Tennessee football worked inside Neyland Stadium Wednesday as the Vols held their second fall scrimmage on a cool August morning.
Afterwards Tennessee head coach Josh Heupel met with the media to discuss the scrimmage and the last week of fall practice.
Here’s four takeaways from what Heupel said.
Injury Notes
Tennessee has largely avoided the injury bug so far this fall camp. However, Heupel provided updates on a handful of injuries Wednesday.
Freshmen Tyree Weathersby and DeSean Bishop have been absent from practice in recent days and Heupel provided serious injury updates on both. Weathersby is out for the season due to injury and while Tennessee isn’t ruling out a possible return for Bishop, he’s expected to be out a few months.
While Weathersby wasn’t likely to factor along the defensive line this season and Bishop was on the outside looking in at the running back rotation both injuries are blows to the Vols’ depth and the underclassmen’s development.
Heupel also touched on Cooper Mays recovery after undergoing a major procedure last week. The Vols are hopeful that Mays will be back for the season opener against Virginia but are continuing to work on contingency plans.
“We believe we’ll have an opportunity to get him back,” Heupel said. “Everything has gone well since he missed training camp and had the issue that he had. But at the same time, and it’s true for every position, but in particular the offensive line, you better have contingency plans and you don’t know when that’s gonna happen.”
Milton Taking Care Of Football
It was nearly a throwaway line from Heupel in his Wednesday press conference.
“I don’t know if he’s thrown a pick all training camp,” Heupel said of Joe Milton III.
That’s significant and meaningful news. We know Milton can do the spectacular but whether he can do the mundane consistently is the question involving the Tennessee signal caller.

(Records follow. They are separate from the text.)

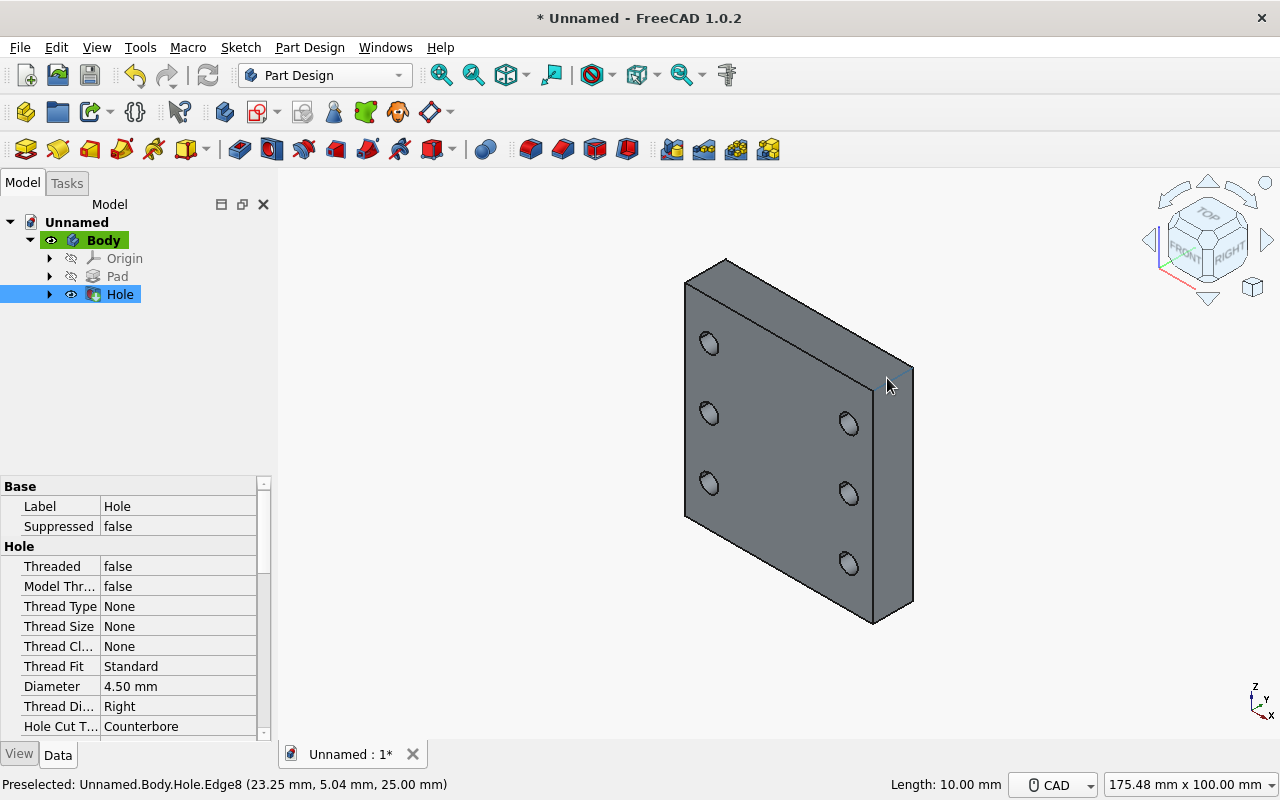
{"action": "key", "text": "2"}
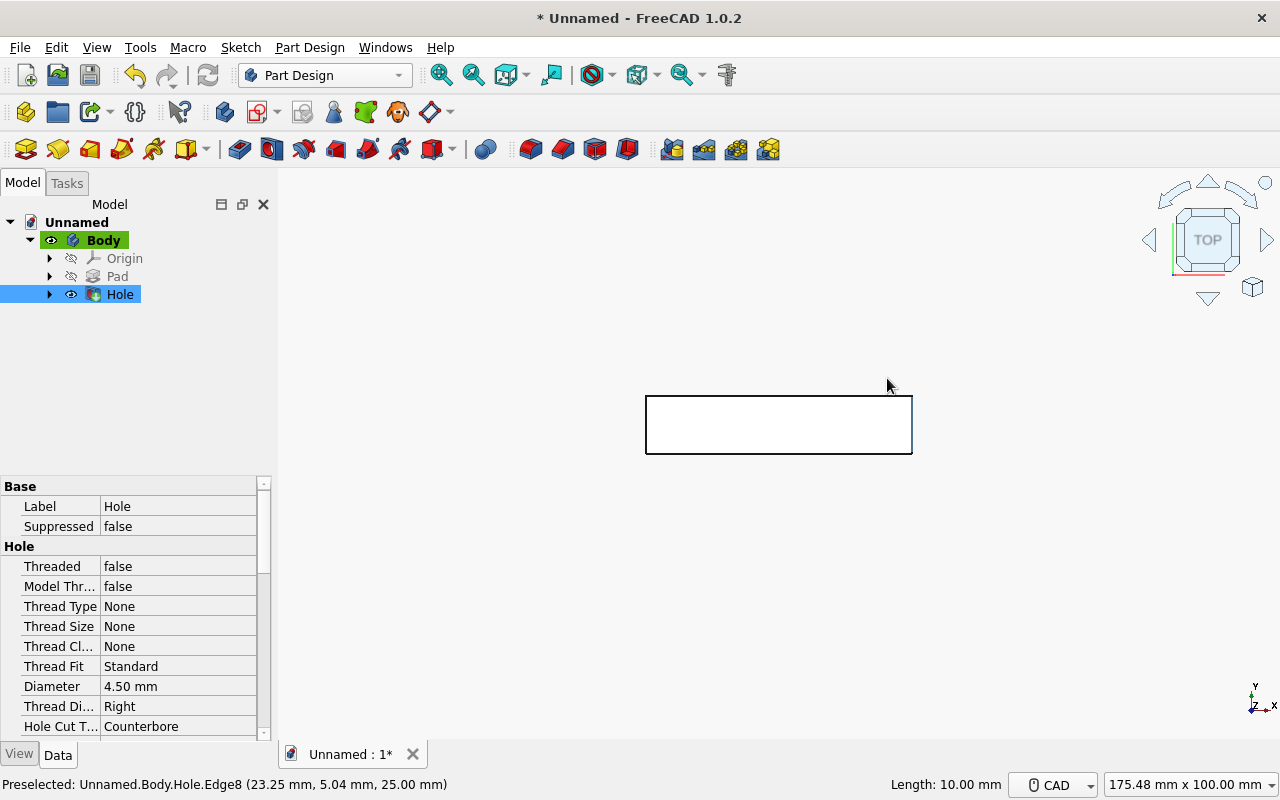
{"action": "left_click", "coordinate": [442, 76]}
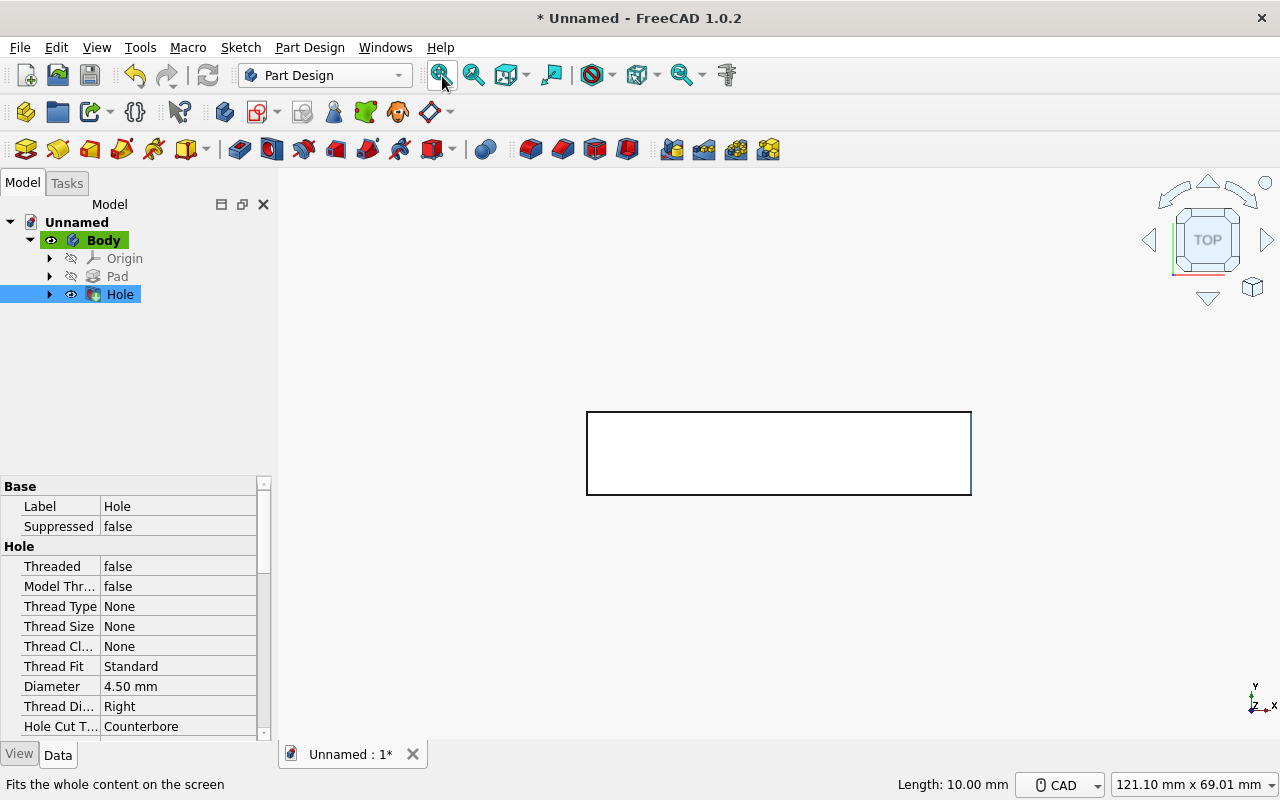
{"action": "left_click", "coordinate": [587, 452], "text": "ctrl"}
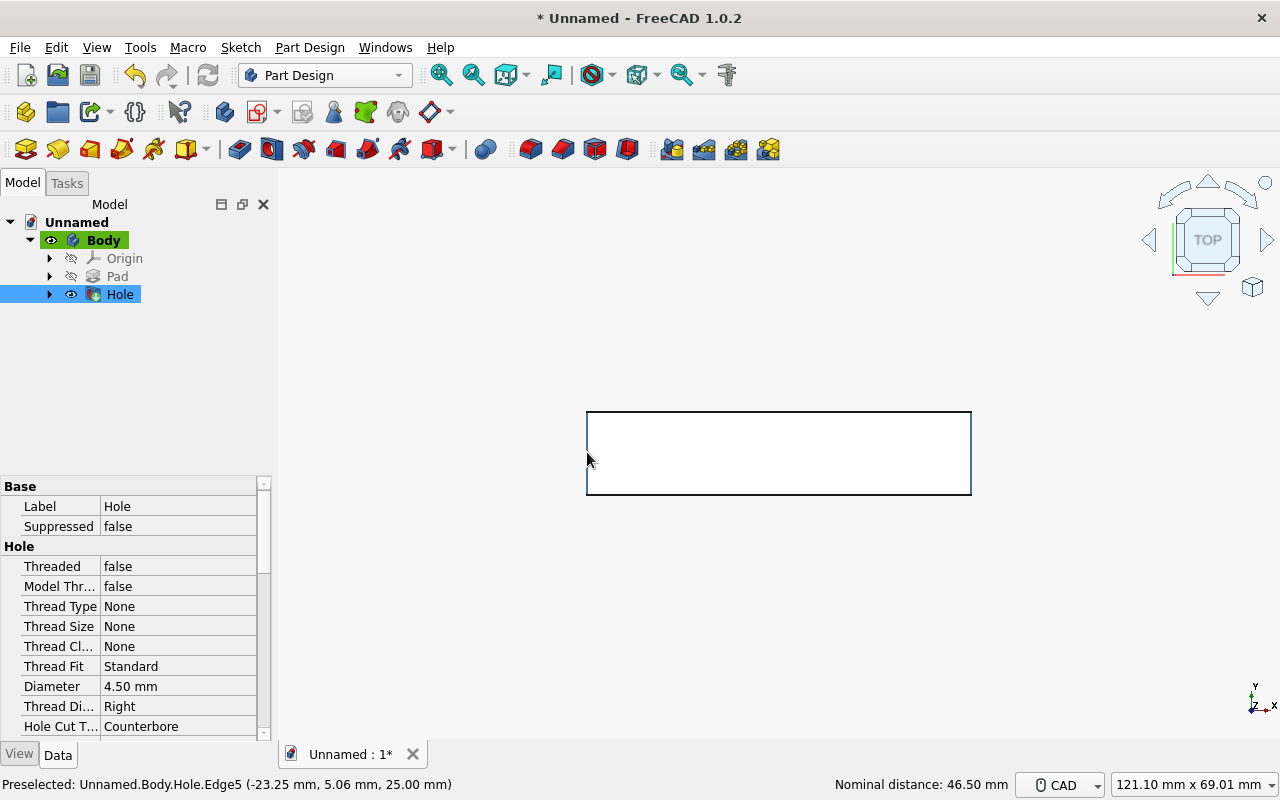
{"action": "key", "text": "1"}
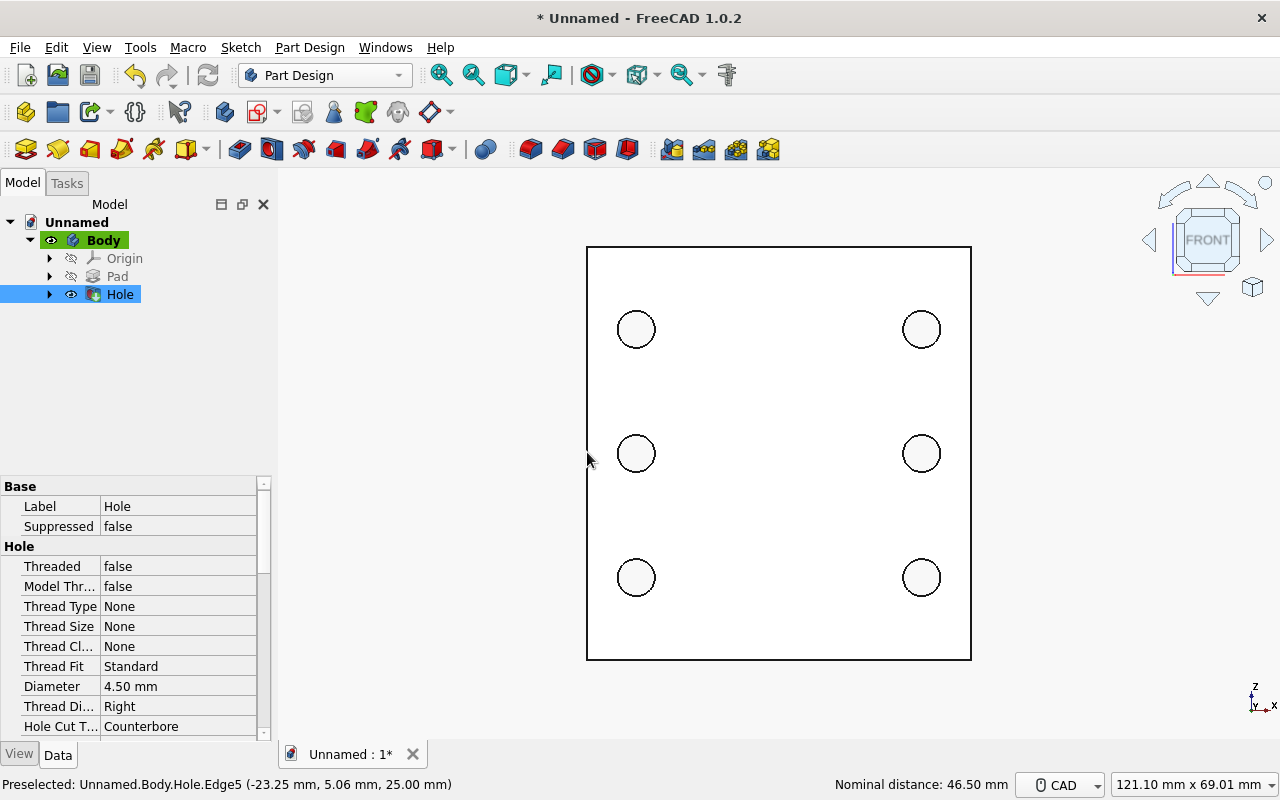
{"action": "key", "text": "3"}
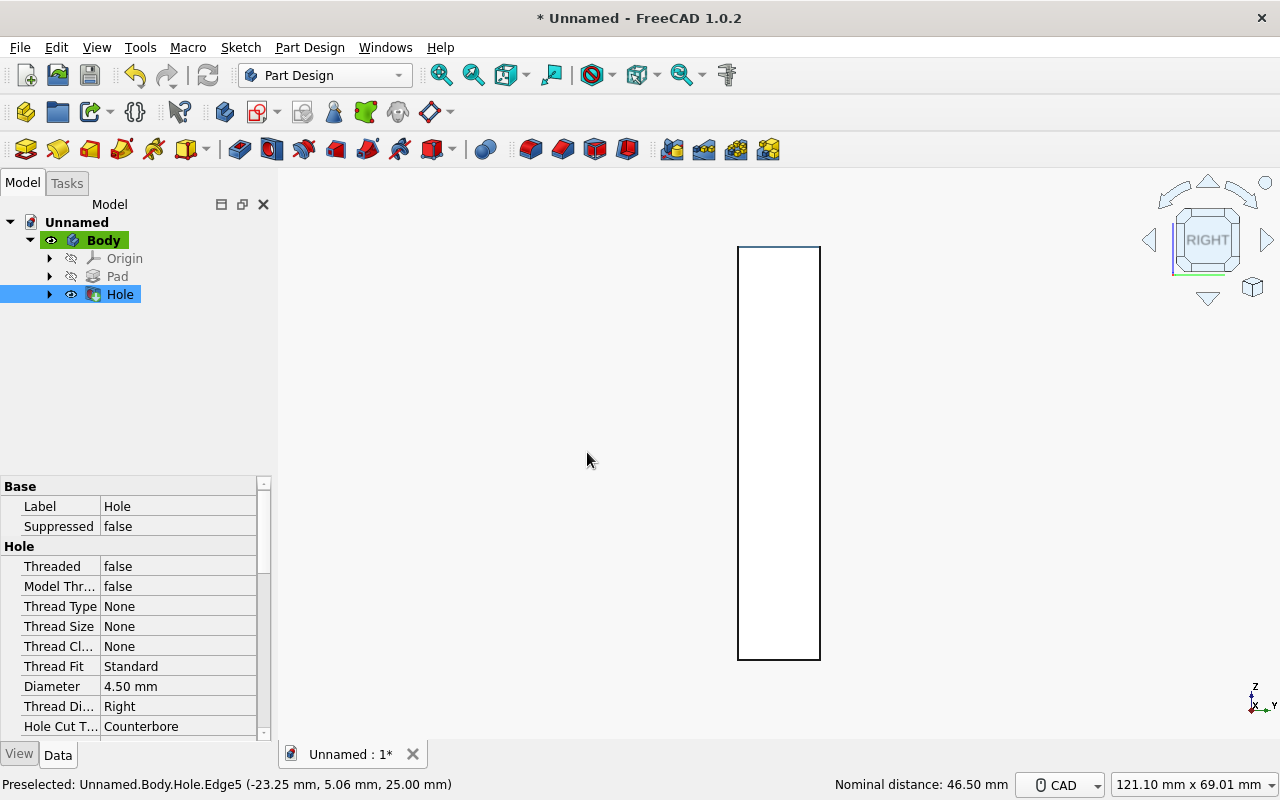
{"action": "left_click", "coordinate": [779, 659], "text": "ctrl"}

Taking care of the football isn’t the only thing that registers under that category but it is the most important. Granted, throwing interceptions hasn’t been a major issue for Milton. His next interception will be his first at Tennessee. But the news that he hasn’t thrown an interception all of fall practice is certainly a good sign.
According to Heupel, Milton has been consistently accurate with the football all of camp.
“Man, he was really accurate with the football, really decisive. Been a really good decision-maker,” Heupel said. “Been in control of the protections, for the most part, and we’ve continued to push their hand on that side of it.”
More From RTI: Everything Josh Heupel Said After Tennessee’s Wednesday Scrimmage
Still Needing To Improve Operationally
While Tennessee’s offense found success— particularly early on— in Wednesday’s scrimmage, Heupel still would have liked the Vols to be more efficient mechanically.
“The communication side, I thought, could’ve been better offensively — just some of the mechanics stuff.” Heupel said in his opening statement.
Tennessee’s third-year head coach was quick to clarify that those mistakes don’t fall squarely on Milton’s shoulders but on the offense as a whole. Heupel didn’t appear panicked about the issue but did not that they had taken a step back in that regard from the first scrimmage to the second scrimmage.
“Some of it is,” Heupel said on whether the issues were normal for this time of year. “The first scrimmage, in all reality, was probably a little cleaner than today’s. But it was just operationally, off the sideline, play clock, getting things settled as we get out there on the field first play of a drive. I’m not worried about where we’re at. We’re pretty intentional on working those things during practice. I thought today could’ve been cleaner. But it wasn’t just one guy. All of us just need to be a little bit cleaner.”
A reason to panic? Probably not. But it is something to watch as the Vols get closer to kick-off.
Tennessee Leaning On Experience In Secondary
Tennessee has steadily improved its defensive back depth over the last two seasons. But have they improved their defensive back play from last season’s poor numbers?
That’s the question Tennessee is trying to answer this season. The Vols return most of their key contributors in the secondary from last season in addition to BYU transfer Gabe Jeudy-Lally and a trio of talented freshmen. Those freshmen have earned praise for their growth since spring practice but it appears they’re still behind the returning upperclassmen.
“We got some young guys that have really grown here over the last 11, 12 practices. Excited about them,” Heupel said. “They’ll play some defensive snaps but they’ll play a ton on special teams too.”
So it appears that Tennessee isn’t going to lean on its freshman corners to open the season. That could change if the veterans don’t show improvement on Saturdays, but don’t expect a defensive back overhaul when the Vols’ defense takes the field against Virginia.
However, there’s no doubt Tennessee’s depth has radically improved in the back end.
“We have great competition that creates urgency in the meeting room, creates urgency in the offseason,” Heupel said. “It shows up in the way they play and compete on the practice field and today when we’re inside the stadium. We have guys that are vets that played a lot of football last year. … So we absolutely have more depth, more competition and as we get closer to kickoff figuring out the rotation as those guys continue to compete and show that they’re going to play at a championship level.”